▶ **Task statement**
Look through the records below for the line with "Answer in list". Return that line and each one after it up to and including the line with "#15 bleach bottle [316,158,491,304]", exactly.

▶ **Data to process**
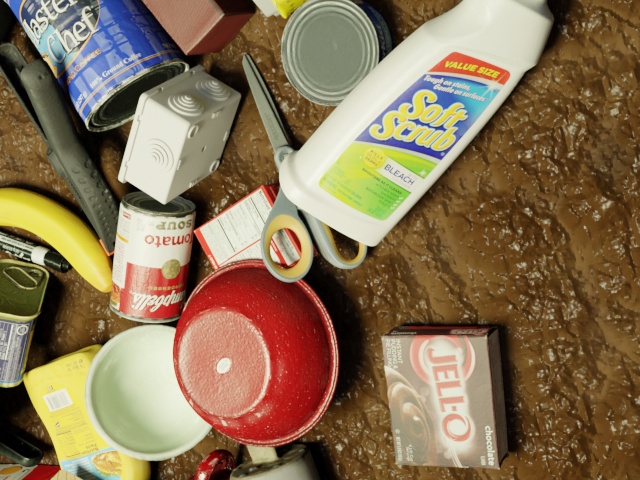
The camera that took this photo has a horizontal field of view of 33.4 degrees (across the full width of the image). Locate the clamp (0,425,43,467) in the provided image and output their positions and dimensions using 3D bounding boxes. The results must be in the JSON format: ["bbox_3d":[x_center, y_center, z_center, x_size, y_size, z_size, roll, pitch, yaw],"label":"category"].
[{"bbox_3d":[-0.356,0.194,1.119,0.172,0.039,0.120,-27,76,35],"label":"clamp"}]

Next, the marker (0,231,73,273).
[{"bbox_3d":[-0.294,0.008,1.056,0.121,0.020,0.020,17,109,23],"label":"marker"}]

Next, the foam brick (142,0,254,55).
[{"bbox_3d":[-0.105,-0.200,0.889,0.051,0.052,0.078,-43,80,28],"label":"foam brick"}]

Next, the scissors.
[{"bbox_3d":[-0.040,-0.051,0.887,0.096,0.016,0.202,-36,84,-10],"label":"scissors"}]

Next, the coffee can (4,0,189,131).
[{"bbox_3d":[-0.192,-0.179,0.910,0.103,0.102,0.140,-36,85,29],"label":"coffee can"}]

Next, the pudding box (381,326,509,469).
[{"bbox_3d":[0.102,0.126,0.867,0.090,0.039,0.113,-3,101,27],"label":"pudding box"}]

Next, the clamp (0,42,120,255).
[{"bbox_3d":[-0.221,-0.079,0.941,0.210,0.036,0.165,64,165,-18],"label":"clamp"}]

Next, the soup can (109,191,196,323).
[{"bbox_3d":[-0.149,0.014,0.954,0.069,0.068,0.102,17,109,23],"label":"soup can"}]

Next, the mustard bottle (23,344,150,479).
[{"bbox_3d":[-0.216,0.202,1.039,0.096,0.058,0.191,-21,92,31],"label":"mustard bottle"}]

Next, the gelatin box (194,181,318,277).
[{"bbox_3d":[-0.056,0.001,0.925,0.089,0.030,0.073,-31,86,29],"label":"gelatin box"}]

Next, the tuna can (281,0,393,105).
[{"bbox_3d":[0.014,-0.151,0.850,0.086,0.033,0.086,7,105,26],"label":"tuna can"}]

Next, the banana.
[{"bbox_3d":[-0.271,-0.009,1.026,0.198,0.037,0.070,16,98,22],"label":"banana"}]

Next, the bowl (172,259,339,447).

* * *

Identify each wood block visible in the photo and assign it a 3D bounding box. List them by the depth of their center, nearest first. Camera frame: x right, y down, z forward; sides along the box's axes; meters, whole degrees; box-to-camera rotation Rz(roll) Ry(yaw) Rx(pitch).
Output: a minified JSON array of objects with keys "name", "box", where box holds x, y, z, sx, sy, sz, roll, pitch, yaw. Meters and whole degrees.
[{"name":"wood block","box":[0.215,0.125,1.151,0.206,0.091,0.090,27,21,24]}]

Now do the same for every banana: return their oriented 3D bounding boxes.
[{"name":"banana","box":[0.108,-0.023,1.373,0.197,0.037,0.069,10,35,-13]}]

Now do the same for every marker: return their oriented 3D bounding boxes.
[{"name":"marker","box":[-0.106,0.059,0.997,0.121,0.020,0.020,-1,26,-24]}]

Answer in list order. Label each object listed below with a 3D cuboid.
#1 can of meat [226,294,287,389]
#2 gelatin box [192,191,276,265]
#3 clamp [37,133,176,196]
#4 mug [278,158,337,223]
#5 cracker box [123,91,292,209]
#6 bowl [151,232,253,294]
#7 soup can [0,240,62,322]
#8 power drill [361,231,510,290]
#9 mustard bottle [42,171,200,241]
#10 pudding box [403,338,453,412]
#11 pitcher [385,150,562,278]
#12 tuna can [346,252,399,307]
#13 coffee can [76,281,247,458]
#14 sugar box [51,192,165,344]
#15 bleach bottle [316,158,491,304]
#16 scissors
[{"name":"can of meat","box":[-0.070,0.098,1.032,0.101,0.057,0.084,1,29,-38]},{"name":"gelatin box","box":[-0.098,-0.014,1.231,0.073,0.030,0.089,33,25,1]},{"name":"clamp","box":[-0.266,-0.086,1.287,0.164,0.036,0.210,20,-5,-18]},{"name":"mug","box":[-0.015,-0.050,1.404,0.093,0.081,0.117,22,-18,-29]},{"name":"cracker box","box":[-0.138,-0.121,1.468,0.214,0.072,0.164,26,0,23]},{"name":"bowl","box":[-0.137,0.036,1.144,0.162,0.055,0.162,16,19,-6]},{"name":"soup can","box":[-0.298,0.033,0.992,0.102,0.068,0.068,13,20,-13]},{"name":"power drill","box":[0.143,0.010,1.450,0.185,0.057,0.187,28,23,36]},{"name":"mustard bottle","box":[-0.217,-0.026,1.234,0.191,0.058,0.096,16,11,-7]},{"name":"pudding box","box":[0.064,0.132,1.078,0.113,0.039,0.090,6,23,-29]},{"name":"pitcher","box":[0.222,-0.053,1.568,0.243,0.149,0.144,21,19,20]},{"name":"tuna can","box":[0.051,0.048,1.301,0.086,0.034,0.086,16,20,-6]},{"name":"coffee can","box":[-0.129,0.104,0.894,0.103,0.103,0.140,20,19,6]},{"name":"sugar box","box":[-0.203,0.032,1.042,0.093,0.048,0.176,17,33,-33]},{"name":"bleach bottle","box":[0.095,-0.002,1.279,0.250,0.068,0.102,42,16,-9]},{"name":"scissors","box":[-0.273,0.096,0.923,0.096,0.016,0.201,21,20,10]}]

▶ **Output of the exercise**
Answer in list order. Label each object listed below with a 3D cuboid.
#1 can of meat [226,294,287,389]
#2 gelatin box [192,191,276,265]
#3 clamp [37,133,176,196]
#4 mug [278,158,337,223]
#5 cracker box [123,91,292,209]
#6 bowl [151,232,253,294]
#7 soup can [0,240,62,322]
#8 power drill [361,231,510,290]
#9 mustard bottle [42,171,200,241]
#10 pudding box [403,338,453,412]
#11 pitcher [385,150,562,278]
#12 tuna can [346,252,399,307]
#13 coffee can [76,281,247,458]
#14 sugar box [51,192,165,344]
#15 bleach bottle [316,158,491,304]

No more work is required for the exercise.